Sick Days

What you need to know about the coughs, sniffles, and sneezes of winter.

Common Cold

giving baby medicine

'Tis the season for giving and receiving, but the one thing you'd rather your baby not get this holiday season is a respiratory illness. The best defense is to stay clear of people who are coughing and sneezing -- especially if you've got a newborn or preemie. In addition, good hand washing will help your family avoid most infections, says Charles I. Shubin, MD, medical director of the Children's Health Center at Mercy FamilyCare, in Baltimore. Still, as kids play and explore, they'll pick up some germs that will make them sick. Here's how to recognize and remedy what may ail them.

Common Cold

About 100 different viruses (mainly rhinoviruses) cause the minor nose and throat infections that lead to the common cold. Newborns are typically protected by antibodies they get from Mom. But once that immunity wears off, at around 6 months, kids can get as many as 10 colds a year. The silver lining: "Colds help a child develop immune cells that prevent infections later on," says Jay Kolls, MD, chief of pediatric pulmonology at the Children's Hospital of Pittsburgh.

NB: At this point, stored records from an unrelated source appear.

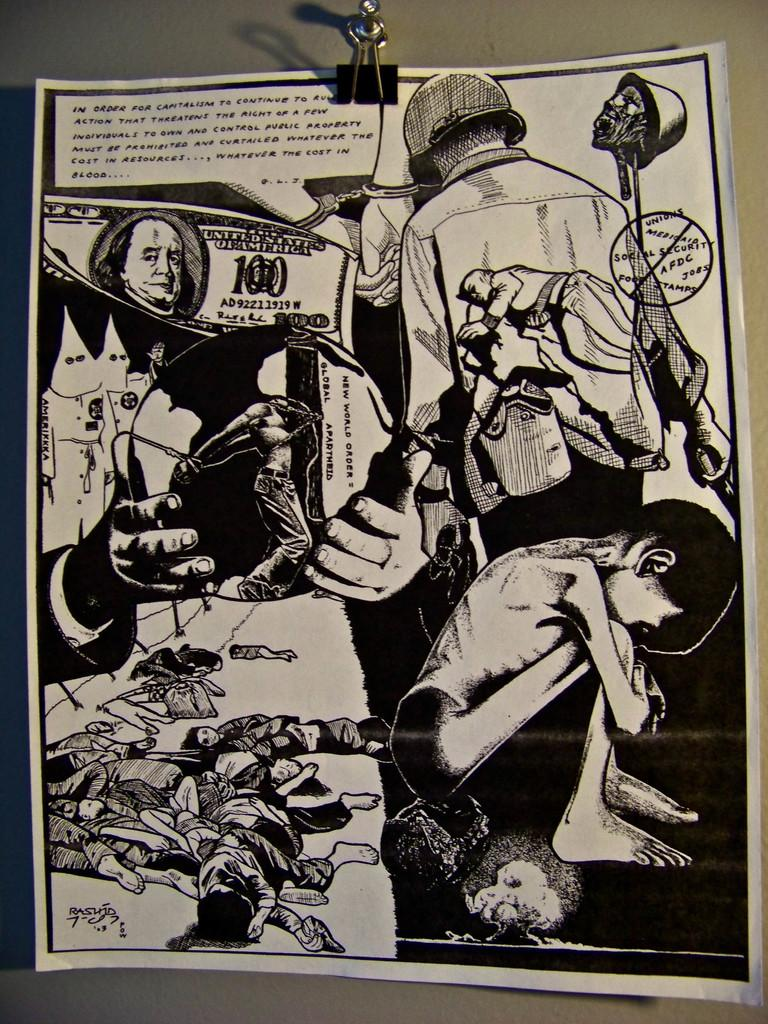<image>
Describe the image concisely. A 100 dollar bill from the United States of America sits on a black and white poster 
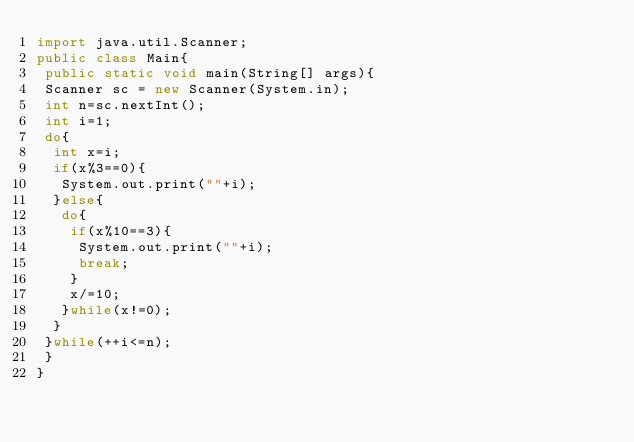<code> <loc_0><loc_0><loc_500><loc_500><_Java_>import java.util.Scanner;
public class Main{
 public static void main(String[] args){
 Scanner sc = new Scanner(System.in);
 int n=sc.nextInt();
 int i=1;
 do{
  int x=i;
  if(x%3==0){
   System.out.print(""+i);
  }else{
   do{
    if(x%10==3){
     System.out.print(""+i);
     break;
    }
    x/=10;
   }while(x!=0);
  }
 }while(++i<=n);
 }
}</code> 
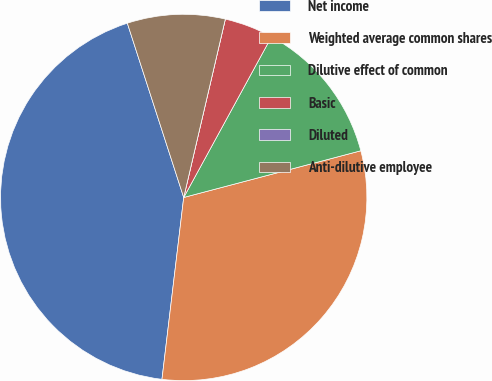Convert chart to OTSL. <chart><loc_0><loc_0><loc_500><loc_500><pie_chart><fcel>Net income<fcel>Weighted average common shares<fcel>Dilutive effect of common<fcel>Basic<fcel>Diluted<fcel>Anti-dilutive employee<nl><fcel>43.13%<fcel>31.0%<fcel>12.94%<fcel>4.31%<fcel>0.0%<fcel>8.63%<nl></chart> 
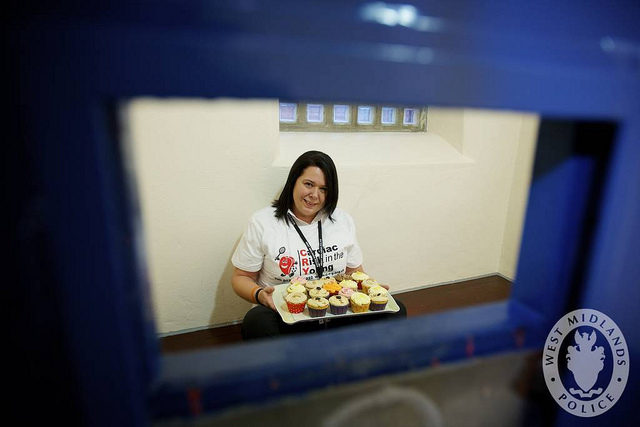Identify and read out the text in this image. CAREAC Ri Young POLICE MIDLANDS WEST the in

Colds come on slowly, usually with a runny nose, congestion, sneezing, sore throat, swollen glands, and coughs. Babies with a stuffy nose who haven't yet learned to breathe through their mouth may have trouble sleeping and eating. For most kids, colds are no big deal. But for asthmatic children, colds can be more severe and can trigger asthma attacks. Even after a cold has subsided, a cough may last for weeks.


Clean toys and teach older kids to wash their hands and to cover their mouth when they cough or sneeze, or tell them to bend their arm and sneeze into the crook of their elbow.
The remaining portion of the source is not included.